At the station, a doctor diagnosed his arm broken and said he required immediate hospital care. According to medical reports, he also suffered extensive bruising of his left arm, swelling and abrasions to the right side of his face and bruising of his jaw. Investigations were later opened into the allegations of ill treatment and the officers allegations that he had resisted them and used insulting behavior. In December, the Algerian was informed by the prosecuting authorities that his compliant of ill treatment had been rejected (Wochenendmagazin 1998, 4).
Another problem, which Germany is not able to cope with, is the high number of refugees trying to seek asylum every year. The famous Article 16 of the West German Karanovic7 Basic Law, which granted an almost unconditional right to asylum for any individual fleeing persecution, was written with refugees from the past in mind, especially ethnic German refugees (Hollifield 1994, 185). Hollifield shows that the German government was not specific enough with their law concerning the right for asylum.
Whitney explains in his article The World, Europeans Redefine What Makes A Citizen that citizenship, immigration and asylum are all connected issues. After the unification of Germany in 1990, refugees began pouring into the country and in 1992, 438. 191 people from the Balkans, Central Europe and elsewhere-claimed political asylum in Germany.

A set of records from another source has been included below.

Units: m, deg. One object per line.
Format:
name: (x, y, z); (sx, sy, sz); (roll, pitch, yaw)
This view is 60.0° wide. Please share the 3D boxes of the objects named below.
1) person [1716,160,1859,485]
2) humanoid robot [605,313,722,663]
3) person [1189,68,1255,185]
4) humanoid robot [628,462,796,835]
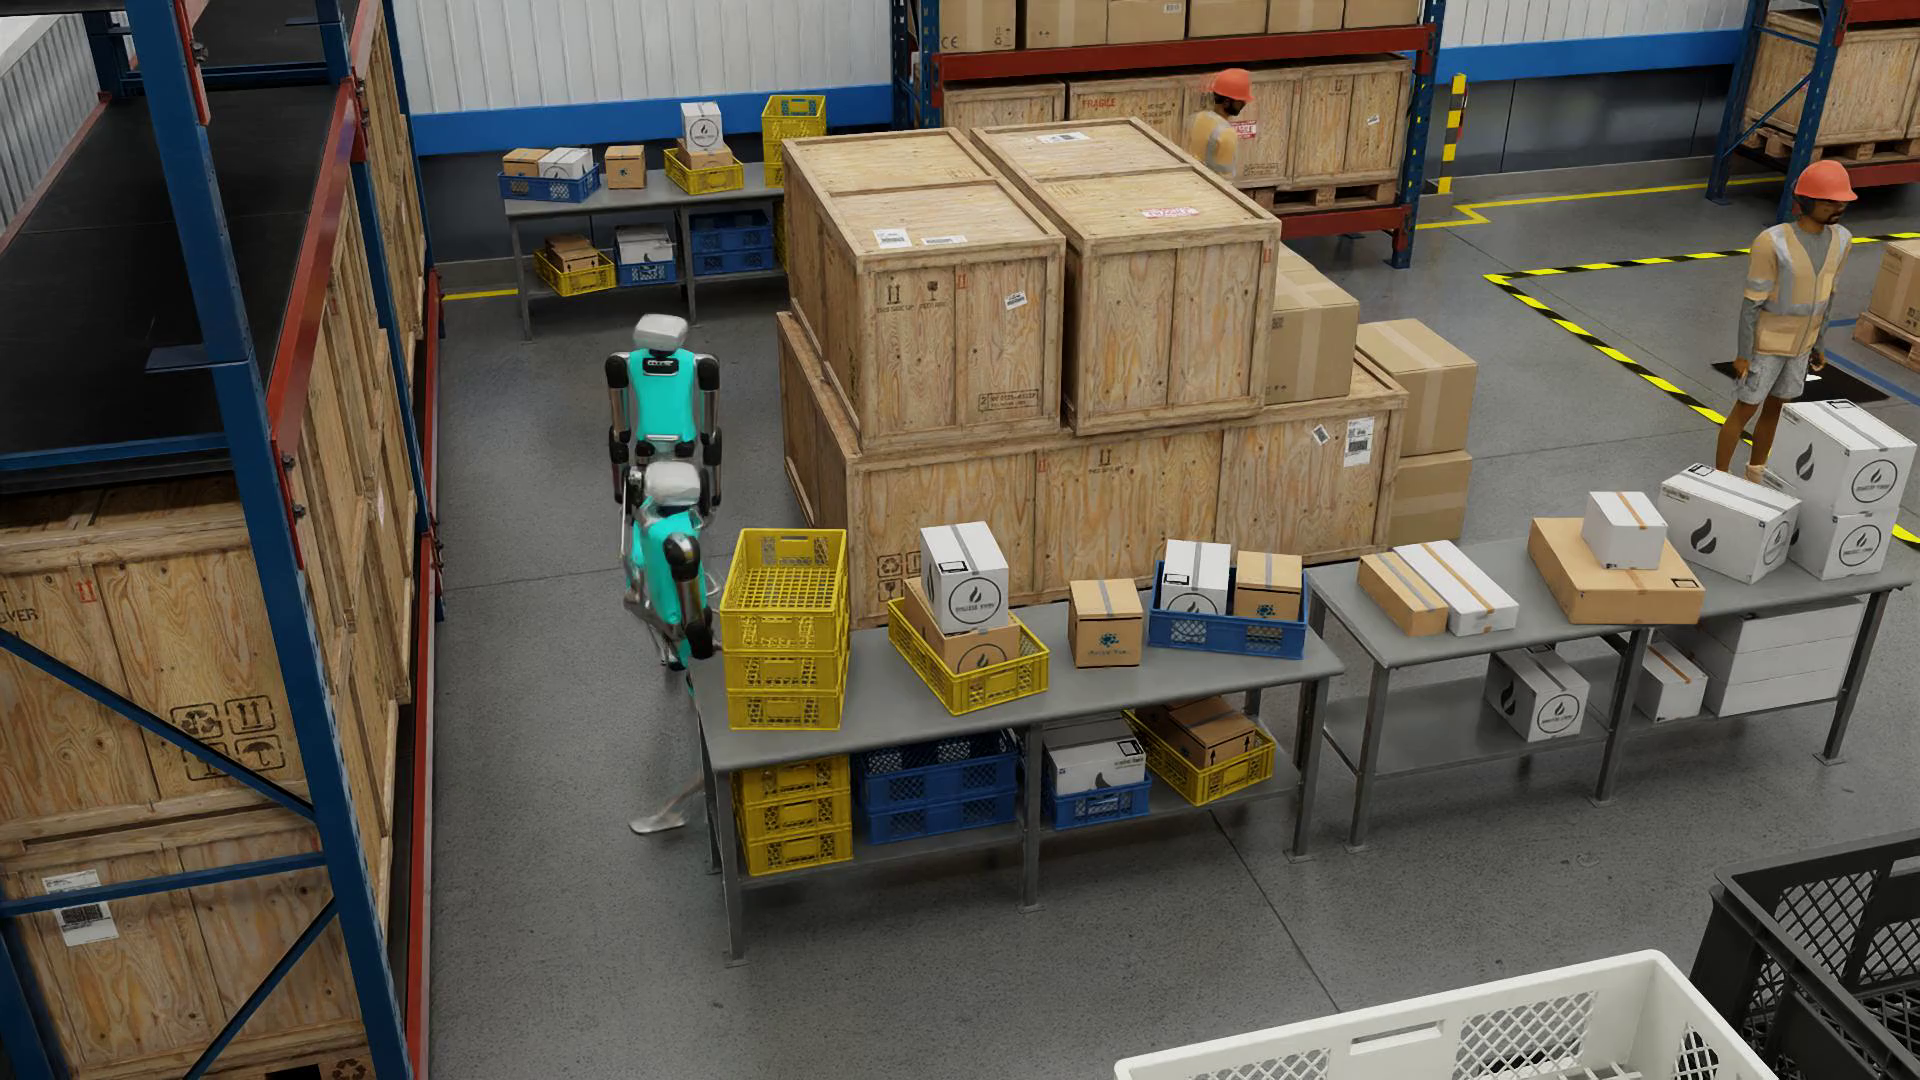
person: (4.598, -1.104, 9.280); (0.606, 2.048, 0.365); (-9, 30, -16)
humanoid robot: (-1.385, -0.119, 7.836); (0.552, 1.806, 0.813); (-1, 29, -1)
person: (1.715, -2.351, 11.684); (0.568, 1.911, 0.544); (-10, 31, -18)
humanoid robot: (-0.944, 0.443, 6.791); (1.008, 1.737, 0.554); (-13, 31, -22)

Until 1993, German asylum law entitled anyone who set foot on German soil to make a claim and to make years of appeals if the claim was denied. In order to get control over the situation the asylum law had to change.

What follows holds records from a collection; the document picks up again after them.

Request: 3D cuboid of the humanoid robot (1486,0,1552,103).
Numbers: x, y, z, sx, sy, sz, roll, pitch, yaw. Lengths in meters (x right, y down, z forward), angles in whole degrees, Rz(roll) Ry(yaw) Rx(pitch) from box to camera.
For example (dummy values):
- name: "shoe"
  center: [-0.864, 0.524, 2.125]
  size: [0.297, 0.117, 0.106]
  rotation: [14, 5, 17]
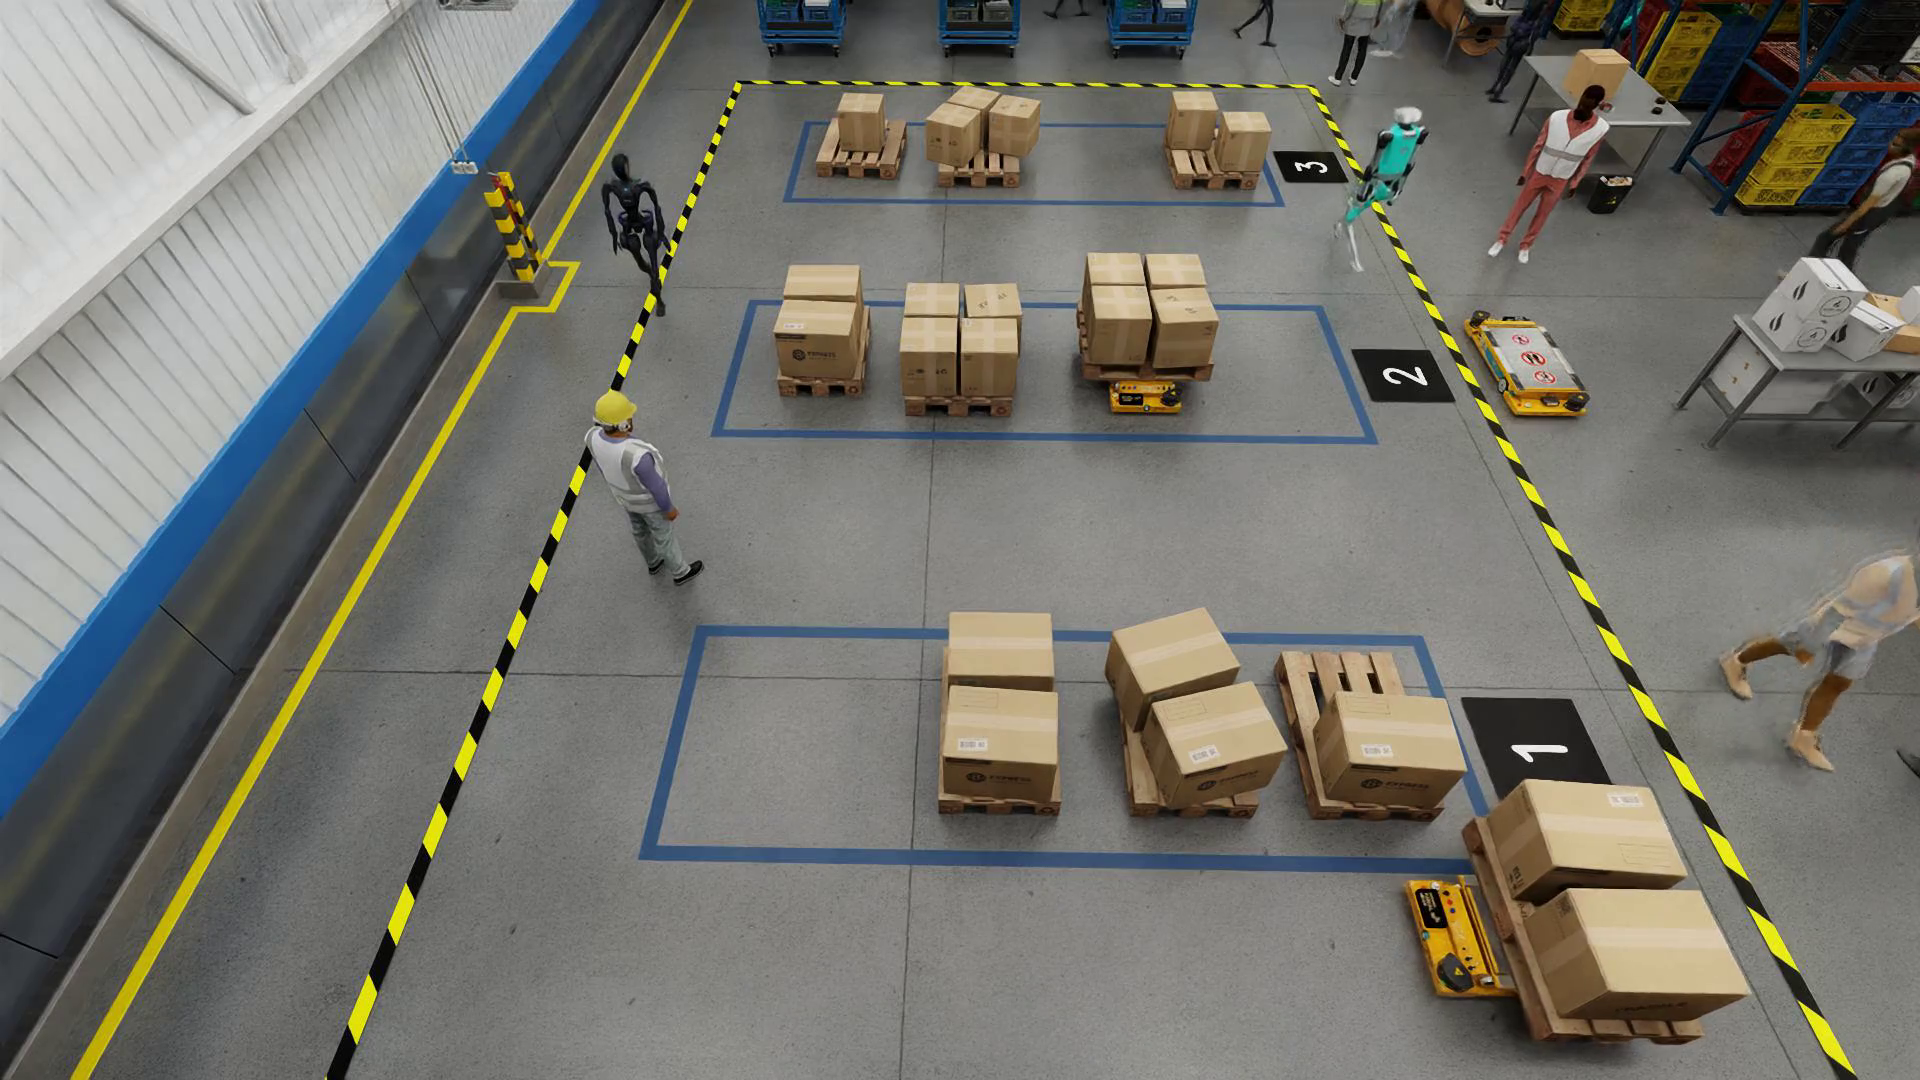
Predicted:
- name: "humanoid robot"
  center: [7.729, -6.920, 12.600]
  size: [0.372, 1.649, 0.587]
  rotation: [1, 49, 1]

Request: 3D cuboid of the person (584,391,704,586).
- name: "person"
  center: [-2.348, -0.352, 6.805]
  size: [0.586, 1.830, 0.403]
  rotation: [24, 53, 19]

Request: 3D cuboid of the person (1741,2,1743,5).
- name: "person"
  center: [13.180, -9.777, 14.949]
  size: [0.343, 1.858, 0.503]
  rotation: [37, 59, 28]

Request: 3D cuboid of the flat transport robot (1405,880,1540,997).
- name: "flat transport robot"
  center: [3.502, 2.361, 5.471]
  size: [1.431, 0.197, 0.652]
  rotation: [1, 49, 1]

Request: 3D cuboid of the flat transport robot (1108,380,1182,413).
- name: "flat transport robot"
  center: [1.773, -1.807, 9.079]
  size: [0.652, 0.197, 1.431]
  rotation: [1, 49, 1]

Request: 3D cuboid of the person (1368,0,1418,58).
- name: "person"
  center: [6.542, -8.058, 13.544]
  size: [0.578, 1.730, 0.490]
  rotation: [27, 54, 22]

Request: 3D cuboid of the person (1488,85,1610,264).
- name: "person"
  center: [6.347, -3.909, 9.828]
  size: [0.589, 1.917, 0.397]
  rotation: [23, 53, 19]

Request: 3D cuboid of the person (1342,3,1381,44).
- name: "person"
  center: [6.338, -8.521, 13.877]
  size: [0.528, 1.827, 0.579]
  rotation: [12, 50, 11]

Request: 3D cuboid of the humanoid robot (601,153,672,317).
- name: "humanoid robot"
  center: [-3.286, -3.174, 9.384]
  size: [0.589, 1.634, 0.772]
  rotation: [-7, 50, -6]

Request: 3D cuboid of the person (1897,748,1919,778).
- name: "person"
  center: [6.660, 1.108, 5.608]
  size: [0.528, 1.735, 0.601]
  rotation: [-6, 49, -5]

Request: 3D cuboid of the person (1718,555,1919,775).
- name: "person"
  center: [5.714, 0.652, 5.820]
  size: [0.627, 1.990, 1.050]
  rotation: [0, 49, 0]

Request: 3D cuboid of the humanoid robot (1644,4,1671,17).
- name: "humanoid robot"
  center: [10.026, -7.601, 13.052]
  size: [0.735, 1.677, 0.533]
  rotation: [26, 54, 21]

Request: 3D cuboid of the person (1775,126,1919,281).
- name: "person"
  center: [9.198, -3.309, 9.376]
  size: [0.714, 1.809, 0.512]
  rotation: [32, 56, 25]

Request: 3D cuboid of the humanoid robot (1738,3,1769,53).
- name: "humanoid robot"
  center: [12.048, -8.095, 13.606]
  size: [0.382, 1.653, 0.591]
  rotation: [-5, 49, -4]

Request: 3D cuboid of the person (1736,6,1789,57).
- name: "person"
  center: [12.125, -7.996, 13.406]
  size: [0.511, 1.863, 0.341]
  rotation: [-17, 51, -15]

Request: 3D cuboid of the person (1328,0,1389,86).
- name: "person"
  center: [5.648, -7.366, 12.864]
  size: [0.587, 1.850, 0.388]
  rotation: [-1, 49, -1]

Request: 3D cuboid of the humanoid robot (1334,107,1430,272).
- name: "humanoid robot"
  center: [4.422, -3.938, 9.987]
  size: [0.534, 1.772, 0.974]
  rotation: [-10, 50, -9]

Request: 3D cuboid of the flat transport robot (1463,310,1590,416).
- name: "flat transport robot"
  center: [5.573, -1.757, 9.054]
  size: [0.659, 0.231, 1.431]
  rotation: [1, 49, 1]

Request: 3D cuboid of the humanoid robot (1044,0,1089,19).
- name: "humanoid robot"
  center: [1.756, -9.213, 14.598]
  size: [0.773, 1.621, 0.613]
  rotation: [-1, 49, -1]

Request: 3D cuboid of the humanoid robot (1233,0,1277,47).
- name: "humanoid robot"
  center: [4.650, -8.416, 13.922]
  size: [0.738, 1.654, 0.609]
  rotation: [16, 51, 13]

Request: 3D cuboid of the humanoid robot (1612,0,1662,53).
- name: "humanoid robot"
  center: [9.893, -7.834, 13.348]
  size: [0.719, 1.796, 0.546]
  rotation: [7, 49, 6]

In 1993, the German Parliament changed the asylum law to make it possible for German authorities to repel unqualified applicants at the point of entry (Whitney 1996, 6). When the war in Yugoslavia started a large number of Bosnian war refugees sought asylum in Germany, which welcomed the refugees with open arms and helped them as well as they could. Accommodation, money for food and clothes were placed at their disposal. This hospitality soon turned to disfavor. Besides the money the refugees received, they tried to earn extra money by working illegally.
It is not to blame that Germans become tired of refugees and do not agree to pay taxes for the well being of all asylum seekers in their country. The plan was to send back the Bosnians as soon as possible. The return of the Bosnian war refugees was planned to be completed by August 1992. This provoked strong criticism of the politicians in charge of the situation because continuing ethnic tensions in Bosnia provided unfavorable conditions for return. Returnees often found no means of sustaining their existence and were rejected by the local population.
Besides the concern with legal aliens, Germany has to fight back the illegal aliens who try to smuggle their way into the country. Smugglers put as many people as possible in a vehicle to increase their profit. Border patrol officers have found vehicles with people so tightly packed that some of them narrowly escaped suffocation. Smuggling renewed its popularity during the war in Kosovo when Kosovar Albanians attempted to enter Germany illegally. Of all the possibilities, the country of choice has long been Germany with a stable and growing economy.
Under the Nationality Act of 1913, which remains the law today, citizenship is based on the principle of jus sanguinis (i. e. by right of blood or descent rather than by jus soli or place of birth). Because of this policy, it is easier for a non-German speaking ethnic German from Eastern Europe to acquire German citizenship than it is for a third-generation resident alien who is fluent in the language and thoroughly privy to German ways but whose ancestors came from Turkey (Kommers 1997, 205). Not every foreigner wants to have a German citizenship only but a dual citizenship.